A investigação que encontrou o músico vivo

Na metade dos anos 1990, Segerman e o jornalista Craig Bartholomew Strydom decidiram tratar a história como investigação. Começaram pelos créditos de prensagens sul-africanas, nomes de produtores, editoras, registros de direitos autorais. Em uma época pré-buscas instantâneas, isso significava telefonemas para os Estados Unidos, cartas para gravadoras extintas, troca de mensagens em fóruns iniciais da internet. Aos poucos, chegaram a antigos produtores e, por intermédio de uma das filhas do músico, à notícia de que Rodriguez estava vivo, fora dos palcos, ainda instalado em Detroit.

O reencontro levou à turnê registrada em “Dead Men Don’t Tour: Rodriguez in South Africa 1998”. Em cidades como Cidade do Cabo, Pretória, Durban e Joanesburgo, o cantor encontrou ginásios cheios, cartazes improvisados, gente esperando há décadas. O público sabia de cor letras que ele próprio não tocava havia muito tempo, e o contraste entre o mito sul-africano e o trabalhador americano que, semanas antes, pegava ônibus para a demolição é um dos pontos centrais desses registros. A partir dessa temporada, Rodriguez voltaria a se apresentar com frequência no país e retomaria também o contato com a base de fãs que mantinha na Austrália desde os anos 1970.

Documentário, prêmios, dinheiro e legado

Foi esse enredo que o diretor sueco Malik Bendjelloul levou ao cinema. “Searching for Sugar Man”, lançado em 2012, acompanha a busca dos fãs sul-africanos, reconstrói o boato da morte e culmina com a chegada de Rodriguez ao palco do Velodrome. O documentário venceu prêmios em Sundance e em outros festivais importantes, além do Oscar de melhor longa documental em 2013, e recolocou o cantor no circuito de entrevistas e festivais internacionais. Parte da crítica, contudo, apontou que o filme quase não menciona a trajetória relativamente sólida que ele já tinha na Austrália, o que reforçaria uma narrativa de anonimato absoluto.
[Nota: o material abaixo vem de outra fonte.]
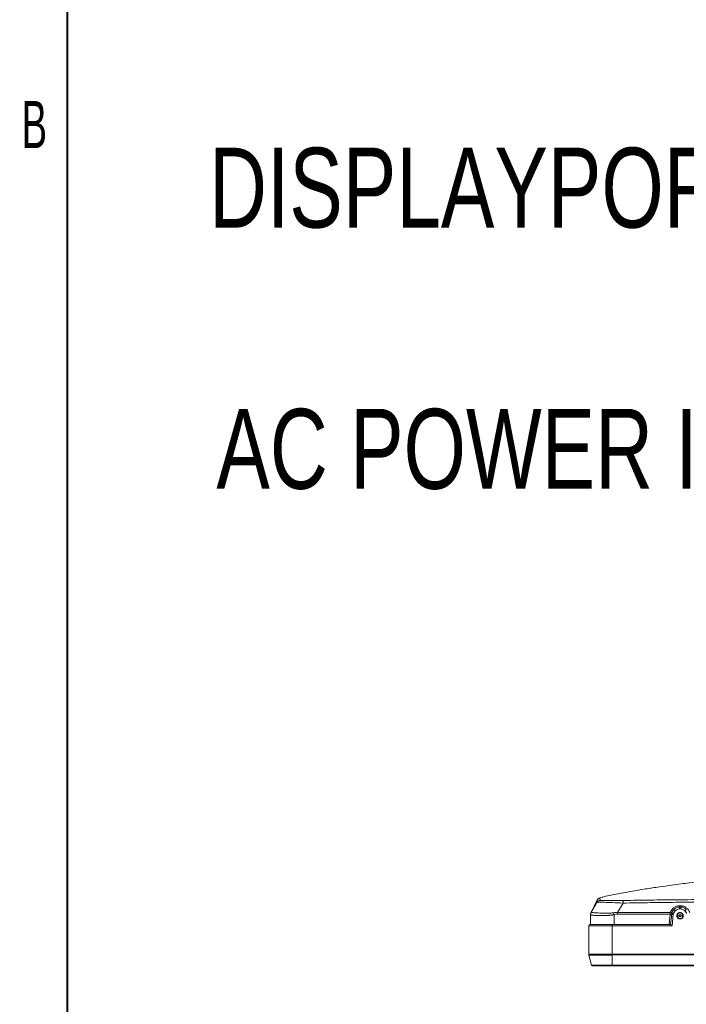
# Model space of a CAD drawing. Header units: millimetres. Extents: x 9 to 550, y 15 to 417.
# Tile 2 of 39: x 10 to 45, y 115 to 167. Entities that reach past the tile are written whole.
import ezdxf

# ---------------------------------------------------------------- set-up
doc = ezdxf.new("R2010")
doc.units = ezdxf.units.MM
doc.styles.add('SLDTEXTSTYLE0', font='TXT', dxfattribs={"width": 0.75})
doc.styles.add('SLDTEXTSTYLE1', font='TXT', dxfattribs={"width": 0.605})

msp = doc.modelspace()

# ---------------------------------------------------------------- linework, layer by layer
at = {"color": 7, "linetype": 'Continuous', "lineweight": 40}
msp.add_line((12.7, 19.05), (12.7, 412.75), dxfattribs=at)
at = {"color": 7, "linetype": 'Continuous', "lineweight": 15}
for p, q in [((40.741, 120.597), (40.413, 119.938)), ((40.739, 120.593), (40.739, 120.592)), ((40.877, 120.707), (40.877, 120.707)), ((40.723, 120.465), (40.421, 119.945)), ((40.723, 120.465), (40.775, 120.469)), ((41.821, 119.933), (42.11, 120.432)), ((45.159, 120.281), (45.092, 120.281)), ((45.092, 120.219), (45.159, 120.219)), ((45.092, 120.219), (45.092, 120.119)), ((45.092, 120.119), (45.159, 120.119)), ((45.159, 120.281), (45.159, 120.219)), ((45.159, 120.119), (45.159, 120.219)), ((40.389, 119.289), (40.389, 119.818)), ((40.395, 119.863), (40.391, 119.851)), ((40.425, 119.951), (40.414, 119.918)), ((40.421, 119.945), (40.421, 119.944)), ((41.629, 119.816), (41.629, 119.289)), ((44.615, 119.933), (41.821, 119.933)), ((41.821, 119.842), (44.593, 119.848)), ((44.544, 119.289), (44.593, 119.848)), ((44.765, 119.835), (44.712, 119.229)), ((44.975, 119.759), (45.075, 119.759)), ((40.289, 119.229), (41.529, 119.229)), ((40.289, 119.229), (40.289, 117.731)), ((41.529, 119.229), (41.529, 117.731)), ((41.529, 119.229), (44.712, 119.229)), ((41.534, 119.289), (44.627, 119.289)), ((40.289, 117.731), (41.529, 117.731)), ((40.296, 117.68), (40.437, 117.15)), ((41.529, 117.731), (58.206, 117.731)), ((41.529, 117.731), (41.529, 117.68)), ((41.529, 117.68), (58.41, 117.682)), ((41.529, 117.68), (41.529, 117.15)), ((41.529, 117.15), (40.437, 117.15)), ((163.081, 117.15), (41.529, 117.15)), ((41.529, 117.15), (41.529, 117.105)), ((41.529, 117.105), (163.081, 117.105))]:
    msp.add_line(p, q, dxfattribs=at)
at = {"color": 8, "linetype": 'Continuous', "lineweight": 15}
msp.add_line((40.421, 119.945), (40.421, 119.945), dxfattribs=at)
at = {"color": 7, "linetype": 'Continuous', "lineweight": 15}
for centre, radius, start, end in [((45.159, 119.819), 0.4, 42.1953, 90), ((45.125, 119.759), 0.15, 360, 180), ((45.125, 119.759), 0.15, 180, 360), ((40.349, 119.229), 0.06, 90, 180), ((40.489, 117.731), 0.2, 180, 194.9314), ((40.495, 117.165), 0.06, 194.9314, 270)]:
    msp.add_arc(centre, radius, start, end, dxfattribs=at)
for points, knots in [([(58.616, 122.518), (58.525, 122.518), (57.882, 122.514), (56.759, 122.479), (55.316, 122.421), (54.08, 122.351), (53.04, 122.281), (52.238, 122.219), (51.635, 122.168), (51.123, 122.122), (50.625, 122.075), (50.161, 122.029), (49.676, 121.98), (48.896, 121.898), (47.873, 121.783), (46.802, 121.656), (45.876, 121.54), (45.155, 121.444), (44.622, 121.372), (43.993, 121.283), (43.268, 121.174), (42.492, 121.048), (41.728, 120.906), (41.17, 120.791), (40.931, 120.719), (40.878, 120.703)], [0, 0, 0, 0, 0.013039, 0.091603, 0.159764, 0.218189, 0.267438, 0.307968, 0.333038, 0.355272, 0.384428, 0.409376, 0.437936, 0.473834, 0.547194, 0.621359, 0.691041, 0.715912, 0.744878, 0.782113, 0.826325, 0.875881, 0.929033, 0.98435, 1, 1, 1, 1]), ([(40.723, 120.465), (40.74, 120.495), (40.766, 120.522), (40.828, 120.561), (40.864, 120.572), (40.899, 120.574)], [0, 0, 0, 0, 0.5, 0.5, 1, 1, 1, 1]), ([(40.883, 120.709), (40.847, 120.696), (40.786, 120.672), (40.756, 120.615), (40.744, 120.591)], [0, 0, 0, 0, 0.580615, 1, 1, 1, 1]), ([(42.102, 120.569), (42.089, 120.569), (42.047, 120.568), (41.959, 120.567), (41.841, 120.566), (41.711, 120.566), (41.57, 120.565), (41.452, 120.565), (41.348, 120.565), (41.26, 120.566), (41.148, 120.566), (41.045, 120.567), (40.98, 120.568), (40.941, 120.569), (40.919, 120.57), (40.906, 120.571), (40.9, 120.572), (40.899, 120.573), (40.899, 120.574)], [0, 0, 0, 0, 0.020962, 0.069106, 0.144362, 0.215742, 0.287853, 0.388907, 0.429635, 0.49193, 0.570929, 0.69263, 0.784883, 0.824961, 0.89247, 0.935559, 0.971409, 1, 1, 1, 1]), ([(60.105, 120.645), (59.336, 120.645), (57.797, 120.645), (55.451, 120.645), (53.155, 120.643), (50.901, 120.64), (48.685, 120.632), (46.596, 120.621), (44.753, 120.604), (43.315, 120.588), (42.469, 120.575), (42.102, 120.569)], [0, 0, 0, 0, 0.1282119, 0.256376, 0.390962, 0.5108553, 0.6318931, 0.760255, 0.8589918, 0.9389074, 1, 1, 1, 1]), ([(42.11, 120.432), (42.11, 120.438), (42.11, 120.45), (42.109, 120.469), (42.108, 120.489), (42.107, 120.51), (42.105, 120.534), (42.104, 120.554), (42.102, 120.566), (42.102, 120.568), (42.102, 120.569)], [0, 0, 0, 0, 0.0738655, 0.1606295, 0.2606413, 0.3739329, 0.5000507, 0.7180672, 0.8842916, 1, 1, 1, 1]), ([(42.11, 120.432), (42.337, 120.436), (42.89, 120.445), (43.866, 120.459), (45.139, 120.474), (46.855, 120.489), (48.877, 120.502), (51.063, 120.51), (53.292, 120.514), (55.686, 120.514), (58, 120.513), (59.499, 120.513), (60.105, 120.513)], [0, 0, 0, 0, 0.0378239, 0.0920938, 0.1628107, 0.2499755, 0.3782325, 0.49997, 0.6142915, 0.749982, 0.8990047, 1, 1, 1, 1]), ([(44.615, 119.933), (44.619, 119.942), (44.627, 119.968), (44.644, 120.005), (44.664, 120.043), (44.694, 120.087), (44.738, 120.137), (44.801, 120.189), (44.87, 120.231), (44.928, 120.255), (44.977, 120.269), (45.016, 120.277), (45.057, 120.281), (45.082, 120.281), (45.092, 120.281)], [0, 0, 0, 0, 0.051212, 0.132886, 0.201234, 0.260652, 0.389151, 0.520373, 0.648964, 0.769504, 0.811904, 0.884369, 0.952577, 1, 1, 1, 1]), ([(44.796, 120.088), (44.789, 120.08), (44.776, 120.065), (44.758, 120.041), (44.741, 120.015), (44.725, 119.987), (44.711, 119.959), (44.702, 119.939), (44.698, 119.929)], [0, 0, 0, 0, 0.159244, 0.321605, 0.486912, 0.655167, 0.82627, 1, 1, 1, 1]), ([(44.87, 120.021), (44.863, 120.013), (44.85, 119.998), (44.832, 119.973), (44.814, 119.946), (44.797, 119.918), (44.786, 119.897), (44.781, 119.887)], [0, 0, 0, 0, 0.184217, 0.37571, 0.575131, 0.783057, 1, 1, 1, 1]), ([(44.796, 120.088), (44.833, 120.129), (44.879, 120.162), (44.981, 120.207), (45.036, 120.219), (45.092, 120.219)], [0, 0, 0, 0, 0.5, 0.5, 1, 1, 1, 1]), ([(44.87, 120.021), (44.861, 120.028), (44.852, 120.037), (44.833, 120.054), (44.825, 120.062), (44.81, 120.075), (44.804, 120.08), (44.797, 120.086), (44.796, 120.088), (44.796, 120.088)], [0, 0, 0, 0, 0.25, 0.25, 0.5, 0.5, 0.75, 0.75, 1, 1, 1, 1]), ([(45.092, 120.281), (45.092, 120.263), (45.092, 120.247), (45.092, 120.224), (45.092, 120.219), (45.092, 120.219)], [0, 0, 0, 0, 0.5, 0.5, 1, 1, 1, 1]), ([(45.159, 120.281), (45.17, 120.281), (45.195, 120.281), (45.235, 120.277), (45.275, 120.269), (45.328, 120.254), (45.388, 120.228), (45.455, 120.185), (45.513, 120.137), (45.566, 120.076), (45.6, 120.019), (45.622, 119.97), (45.631, 119.945), (45.636, 119.933)], [0, 0, 0, 0, 0.049159, 0.118983, 0.183044, 0.23585, 0.377345, 0.482441, 0.61079, 0.737831, 0.865816, 0.93661, 1, 1, 1, 1]), ([(45.455, 120.088), (45.455, 120.088), (45.454, 120.086), (45.446, 120.08), (45.441, 120.075), (45.426, 120.062), (45.418, 120.054), (45.399, 120.037), (45.39, 120.028), (45.381, 120.021)], [0, 0, 0, 0, 0.25, 0.25, 0.5, 0.5, 0.75, 0.75, 1, 1, 1, 1]), ([(45.47, 119.887), (45.463, 119.9), (45.45, 119.925), (45.428, 119.96), (45.406, 119.992), (45.389, 120.011), (45.381, 120.021)], [0, 0, 0, 0, 0.270144, 0.526133, 0.769011, 1, 1, 1, 1]), ([(40.389, 119.818), (40.389, 119.817), (40.39, 119.814), (40.393, 119.809), (40.401, 119.804), (40.418, 119.798), (40.447, 119.791), (40.504, 119.784), (40.602, 119.778), (40.763, 119.771), (40.96, 119.766), (41.124, 119.767), (41.236, 119.771), (41.292, 119.774), (41.349, 119.779), (41.387, 119.783), (41.406, 119.784)], [0, 0, 0, 0, 0.026557, 0.060136, 0.100708, 0.148257, 0.230232, 0.29478, 0.430441, 0.580483, 0.725046, 0.862883, 0.898168, 0.932308, 0.966267, 1, 1, 1, 1]), ([(40.416, 119.943), (40.409, 119.928), (40.397, 119.9), (40.392, 119.869), (40.39, 119.855), (40.391, 119.857), (40.391, 119.857), (40.391, 119.857), (40.391, 119.857), (40.391, 119.857), (40.391, 119.857), (40.391, 119.857), (40.391, 119.857), (40.391, 119.856), (40.391, 119.856)], [0, 0, 0, 0, 0.1136565, 0.2082773, 0.2838784, 0.3450531, 0.402297, 0.4560244, 0.5063025, 0.5662151, 0.6455409, 0.7442805, 0.8624334, 1, 1, 1, 1]), ([(40.421, 119.945), (40.422, 119.945), (40.422, 119.946), (40.424, 119.945), (40.424, 119.944), (40.425, 119.943)], [0, 0, 0, 0, 0.327039, 0.660253, 1, 1, 1, 1]), ([(40.425, 119.943), (40.426, 119.942), (40.427, 119.94), (40.432, 119.937), (40.439, 119.934), (40.447, 119.932), (40.458, 119.93), (40.472, 119.928), (40.487, 119.927), (40.505, 119.925), (40.547, 119.922), (40.631, 119.918), (40.781, 119.909), (40.96, 119.898), (41.124, 119.891), (41.253, 119.89), (41.343, 119.892), (41.431, 119.897), (41.518, 119.905), (41.575, 119.914), (41.603, 119.919)], [0, 0, 0, 0, 0.026895, 0.053971, 0.08125, 0.108755, 0.136506, 0.164524, 0.192829, 0.221441, 0.250378, 0.374571, 0.502335, 0.632621, 0.754084, 0.806645, 0.857285, 0.906224, 0.953707, 1, 1, 1, 1]), ([(41.603, 119.919), (41.618, 119.921), (41.648, 119.926), (41.692, 119.931), (41.736, 119.934), (41.779, 119.935), (41.807, 119.933), (41.821, 119.933)], [0, 0, 0, 0, 0.209994, 0.41459, 0.614175, 0.809164, 1, 1, 1, 1]), ([(44.593, 119.848), (44.593, 119.853), (44.594, 119.862), (44.597, 119.876), (44.601, 119.893), (44.607, 119.913), (44.613, 119.926), (44.615, 119.933)], [0, 0, 0, 0, 0.149519, 0.311454, 0.486313, 0.751456, 1, 1, 1, 1]), ([(44.593, 119.848), (44.597, 119.848), (44.607, 119.848), (44.624, 119.848), (44.646, 119.849), (44.666, 119.851), (44.676, 119.852), (44.68, 119.852)], [0, 0, 0, 0, 0.118166, 0.284545, 0.500254, 0.786453, 1, 1, 1, 1]), ([(44.593, 119.848), (44.598, 119.847), (44.607, 119.846), (44.62, 119.843), (44.633, 119.841), (44.644, 119.839), (44.655, 119.838), (44.664, 119.836), (44.672, 119.835), (44.676, 119.835), (44.678, 119.835)], [0, 0, 0, 0, 0.1364, 0.269505, 0.399331, 0.525898, 0.649225, 0.769335, 0.886251, 1, 1, 1, 1]), ([(44.698, 119.929), (44.69, 119.925), (44.677, 119.924), (44.647, 119.925), (44.63, 119.928), (44.615, 119.933)], [0, 0, 0, 0, 0.5, 0.5, 1, 1, 1, 1]), ([(44.678, 119.835), (44.681, 119.834), (44.686, 119.834), (44.696, 119.834), (44.708, 119.834), (44.721, 119.834), (44.736, 119.834), (44.75, 119.834), (44.76, 119.834), (44.765, 119.835)], [0, 0, 0, 0, 0.13662, 0.277769, 0.422125, 0.568151, 0.714206, 0.858657, 1, 1, 1, 1]), ([(44.698, 119.929), (44.696, 119.922), (44.691, 119.909), (44.686, 119.89), (44.682, 119.871), (44.681, 119.858), (44.68, 119.852)], [0, 0, 0, 0, 0.266388, 0.523674, 0.769404, 1, 1, 1, 1]), ([(44.68, 119.852), (44.682, 119.852), (44.686, 119.851), (44.695, 119.849), (44.705, 119.847), (44.715, 119.844), (44.727, 119.842), (44.741, 119.839), (44.754, 119.836), (44.762, 119.835), (44.765, 119.835)], [0, 0, 0, 0, 0.112168, 0.233923, 0.364782, 0.503669, 0.614772, 0.7584, 0.904989, 1, 1, 1, 1]), ([(44.698, 119.929), (44.705, 119.925), (44.717, 119.919), (44.748, 119.904), (44.765, 119.895), (44.781, 119.887)], [0, 0, 0, 0, 0.5, 0.5, 1, 1, 1, 1]), ([(44.765, 119.835), (44.766, 119.843), (44.768, 119.852), (44.773, 119.869), (44.777, 119.878), (44.781, 119.887)], [0, 0, 0, 0, 0.5, 0.5, 1, 1, 1, 1]), ([(44.955, 119.759), (44.956, 119.764), (44.956, 119.775), (44.958, 119.791), (44.962, 119.807), (44.969, 119.828), (44.982, 119.853), (45.004, 119.88), (45.031, 119.902), (45.071, 119.923), (45.125, 119.933), (45.18, 119.923), (45.219, 119.902), (45.246, 119.88), (45.269, 119.853), (45.284, 119.823), (45.294, 119.791), (45.295, 119.77), (45.295, 119.759)], [0, 0, 0, 0, 0.030234, 0.060175, 0.09009, 0.120246, 0.185206, 0.250367, 0.315327, 0.380488, 0.500065, 0.619641, 0.684601, 0.749762, 0.814722, 0.879883, 0.939791, 1, 1, 1, 1]), ([(45.295, 119.759), (45.295, 119.754), (45.295, 119.743), (45.293, 119.727), (45.289, 119.712), (45.282, 119.691), (45.269, 119.665), (45.246, 119.638), (45.219, 119.616), (45.18, 119.595), (45.125, 119.585), (45.071, 119.595), (45.031, 119.616), (45.004, 119.638), (44.982, 119.665), (44.967, 119.695), (44.957, 119.727), (44.956, 119.748), (44.955, 119.759)], [0, 0, 0, 0, 0.030234, 0.060175, 0.09009, 0.120246, 0.185206, 0.250367, 0.315327, 0.380488, 0.500065, 0.619641, 0.684601, 0.749762, 0.814722, 0.879883, 0.939791, 1, 1, 1, 1]), ([(44.968, 119.759), (44.968, 119.764), (44.968, 119.774), (44.971, 119.789), (44.974, 119.803), (44.981, 119.823), (44.993, 119.846), (45.013, 119.871), (45.038, 119.892), (45.066, 119.906), (45.096, 119.915), (45.116, 119.916), (45.125, 119.917)], [0, 0, 0, 0, 0.0604012, 0.1202126, 0.1799676, 0.2402013, 0.369948, 0.5001284, 0.6298753, 0.760056, 0.8797038, 1, 1, 1, 1]), ([(45.283, 119.759), (45.283, 119.718), (45.266, 119.677), (45.208, 119.619), (45.167, 119.602), (45.084, 119.602), (45.043, 119.619), (44.985, 119.677), (44.968, 119.718), (44.968, 119.759)], [0, 0, 0, 0, 0.25, 0.25, 0.5, 0.5, 0.75, 0.75, 1, 1, 1, 1]), ([(45.175, 119.759), (45.175, 119.771), (45.17, 119.785), (45.151, 119.804), (45.137, 119.809), (45.114, 119.809), (45.1, 119.804), (45.08, 119.785), (45.075, 119.771), (45.075, 119.759)], [0, 0, 0, 0, 0.25, 0.25, 0.5, 0.5, 0.75, 0.75, 1, 1, 1, 1]), ([(45.075, 119.759), (45.075, 119.747), (45.08, 119.733), (45.1, 119.714), (45.114, 119.709), (45.137, 119.709), (45.151, 119.714), (45.17, 119.733), (45.175, 119.747), (45.175, 119.759)], [0, 0, 0, 0, 0.25, 0.25, 0.5, 0.5, 0.75, 0.75, 1, 1, 1, 1]), ([(45.125, 119.917), (45.131, 119.916), (45.141, 119.916), (45.156, 119.914), (45.171, 119.91), (45.191, 119.903), (45.213, 119.891), (45.237, 119.871), (45.257, 119.847), (45.272, 119.82), (45.281, 119.79), (45.282, 119.769), (45.283, 119.759)], [0, 0, 0, 0, 0.062932, 0.125209, 0.187435, 0.250216, 0.374968, 0.500146, 0.624897, 0.750075, 0.87472, 1, 1, 1, 1]), ([(45.275, 119.759), (45.275, 119.759), (45.273, 119.759), (45.264, 119.759), (45.256, 119.759), (45.236, 119.759), (45.225, 119.759), (45.2, 119.759), (45.187, 119.759), (45.175, 119.759)], [0, 0, 0, 0, 0.25, 0.25, 0.5, 0.5, 0.75, 0.75, 1, 1, 1, 1]), ([(40.349, 119.289), (40.349, 119.289), (40.35, 119.289), (40.352, 119.289), (40.357, 119.289), (40.363, 119.289), (40.371, 119.289), (40.381, 119.289), (40.393, 119.289), (40.407, 119.289), (40.422, 119.289), (40.448, 119.289), (40.487, 119.289), (40.547, 119.289), (40.616, 119.289), (40.719, 119.289), (40.869, 119.289), (41.04, 119.289), (41.185, 119.289), (41.284, 119.289), (41.373, 119.289), (41.453, 119.289), (41.507, 119.289), (41.534, 119.289)], [0, 0, 0, 0, 0.025274, 0.050379, 0.075356, 0.100241, 0.125076, 0.149899, 0.17475, 0.199669, 0.224695, 0.249867, 0.312233, 0.374476, 0.436689, 0.498811, 0.622265, 0.747634, 0.809962, 0.870997, 0.913077, 0.956013, 1, 1, 1, 1]), ([(41.534, 119.289), (41.534, 119.289), (41.533, 119.288), (41.532, 119.286), (41.532, 119.281), (41.531, 119.276), (41.531, 119.27), (41.53, 119.263), (41.53, 119.256), (41.53, 119.249), (41.529, 119.242), (41.529, 119.236), (41.529, 119.231), (41.529, 119.229)], [0, 0, 0, 0, 0.113103, 0.221761, 0.325975, 0.425747, 0.521077, 0.61197, 0.698427, 0.780454, 0.858054, 0.931234, 1, 1, 1, 1]), ([(44.627, 119.289), (44.629, 119.288), (44.632, 119.288), (44.638, 119.285), (44.646, 119.281), (44.654, 119.276), (44.666, 119.267), (44.685, 119.251), (44.702, 119.237), (44.712, 119.229)], [0, 0, 0, 0, 0.08532, 0.173905, 0.266627, 0.364248, 0.467422, 0.68726, 1, 1, 1, 1]), ([(40.296, 117.68), (40.296, 117.68), (40.328, 117.68), (40.452, 117.68), (40.543, 117.68), (40.771, 117.68), (40.908, 117.68), (41.206, 117.68), (41.368, 117.68), (41.529, 117.68)], [0, 0, 0, 0, 0.25, 0.25, 0.5, 0.5, 0.75, 0.75, 1, 1, 1, 1]), ([(40.495, 117.105), (40.495, 117.105), (40.604, 117.105), (40.992, 117.105), (41.255, 117.105), (41.529, 117.105)], [0, 0, 0, 0, 0.5, 0.5, 1, 1, 1, 1])]:
    msp.add_open_spline(points, degree=3, knots=knots, dxfattribs=at)
at = {"color": 8, "linetype": 'Continuous', "lineweight": 15}
for points, knots in [([(40.739, 120.592), (40.739, 120.592), (40.739, 120.592), (40.738, 120.587), (40.737, 120.577), (40.736, 120.564), (40.734, 120.551), (40.732, 120.536), (40.73, 120.521), (40.728, 120.505), (40.726, 120.489), (40.724, 120.476), (40.723, 120.469), (40.723, 120.465)], [0, 0, 0, 0, 0.05056, 0.17412, 0.273989, 0.375103, 0.484382, 0.561435, 0.649791, 0.758709, 0.85531, 0.93458, 1, 1, 1, 1]), ([(40.899, 120.574), (40.898, 120.58), (40.896, 120.591), (40.893, 120.607), (40.891, 120.619), (40.89, 120.628), (40.888, 120.637), (40.884, 120.662), (40.88, 120.687), (40.878, 120.701), (40.877, 120.705), (40.877, 120.707), (40.877, 120.707), (40.877, 120.707)], [0, 0, 0, 0, 0.106042, 0.193235, 0.261576, 0.311062, 0.347319, 0.41684, 0.742568, 0.825098, 0.909046, 0.994412, 1, 1, 1, 1]), ([(40.775, 120.469), (40.787, 120.47), (40.825, 120.475), (41.097, 120.474), (41.549, 120.457), (41.917, 120.441), (42.11, 120.432)], [0, 0, 0, 0, 0.134839, 0.408203, 0.690018, 1, 1, 1, 1]), ([(41.406, 119.784), (41.422, 119.786), (41.455, 119.79), (41.502, 119.796), (41.547, 119.802), (41.589, 119.809), (41.616, 119.814), (41.629, 119.816)], [0, 0, 0, 0, 0.223212, 0.434703, 0.634585, 0.822997, 1, 1, 1, 1])]:
    msp.add_open_spline(points, degree=3, knots=knots, dxfattribs=at)
at = {"color": 7, "linetype": 'Continuous', "lineweight": 15}
for points in [[(44.87, 120.021), (44.927, 120.083), (45.007, 120.119), (45.092, 120.119)], [(45.159, 120.119), (45.244, 120.119), (45.324, 120.083), (45.381, 120.021)], [(40.389, 119.826), (40.389, 119.867), (40.401, 119.909), (40.421, 119.945)], [(40.425, 119.943), (40.402, 119.906), (40.389, 119.862), (40.389, 119.818)], [(41.603, 119.919), (41.611, 119.887), (41.62, 119.851), (41.629, 119.816)], [(41.629, 119.816), (41.692, 119.832), (41.756, 119.842), (41.821, 119.842)], [(41.821, 119.933), (41.821, 119.904), (41.821, 119.873), (41.821, 119.842)], [(44.678, 119.835), (44.661, 119.653), (44.644, 119.471), (44.627, 119.289)], [(44.68, 119.852), (44.679, 119.846), (44.679, 119.841), (44.678, 119.835)]]:
    msp.add_open_spline(points, degree=3, dxfattribs=at)

# ---------------------------------------------------------------- texts
at = {"color": 7, "linetype": 'Continuous', "lineweight": 0}
for s, insert, char_height, attachment_point, style in [('B', (10.948, 162.921), 2.5, 2, 'SLDTEXTSTYLE1'), ('DISPLAYPORT (DISPLAYPORT 20 PIN)', (20.195, 160.444), 4.23333, 1, 'SLDTEXTSTYLE0'), ('AC POWER INPUT (IEC C13)', (20.582, 146.61), 4.23333, 1, 'SLDTEXTSTYLE0')]:
    msp.add_mtext(s, dxfattribs=dict(at, insert=insert, char_height=char_height, attachment_point=attachment_point, style=style))

doc.saveas('drawing.dxf')

Com a redescoberta, a discussão sobre dinheiro veio à tona. Reportagens e entrevistas indicam que, até os anos 2000, Rodriguez sabia pouco sobre o volume de receitas geradas por licenças na África do Sul e em outros mercados. Depois do lançamento do documentário, contratos foram revistos, e ele passou a receber royalties mais significativos, embora valores exatos permaneçam cobertos por sigilo comercial. Nem isso alterou muito o cotidiano: mesmo com a agenda de shows reforçada e a renda maior, preferiu continuar na mesma casa barata comprada em 1976, já quase cego, com mobilidade limitada e pouca disposição para se afastar do bairro que conhecia desde jovem.

Rodriguez morreu em agosto de 2023, aos 81 anos, após problemas de saúde anunciados em seu site oficial e confirmados por redes públicas como a PBS e a ABC australiana. Em Detroit, bares que costumavam tocar “Sugar Man” e “I Wonder” promoveram homenagens informais; grafites com o rosto do músico voltaram a aparecer em muros próximos à antiga área industrial. Na África do Sul, rádios exibiram faixas inteiras de “Cold Fact” em programas especiais sobre sua morte. A figura do homem de óculos espessos que atravessa o palco como quem pede licença para cantar acabou virando síntese de uma história improvável, nascida do encontro entre mercados desiguais, contratos opacos e a insistência de ouvintes em manter vivas canções descobertas muito longe de onde foram compostas.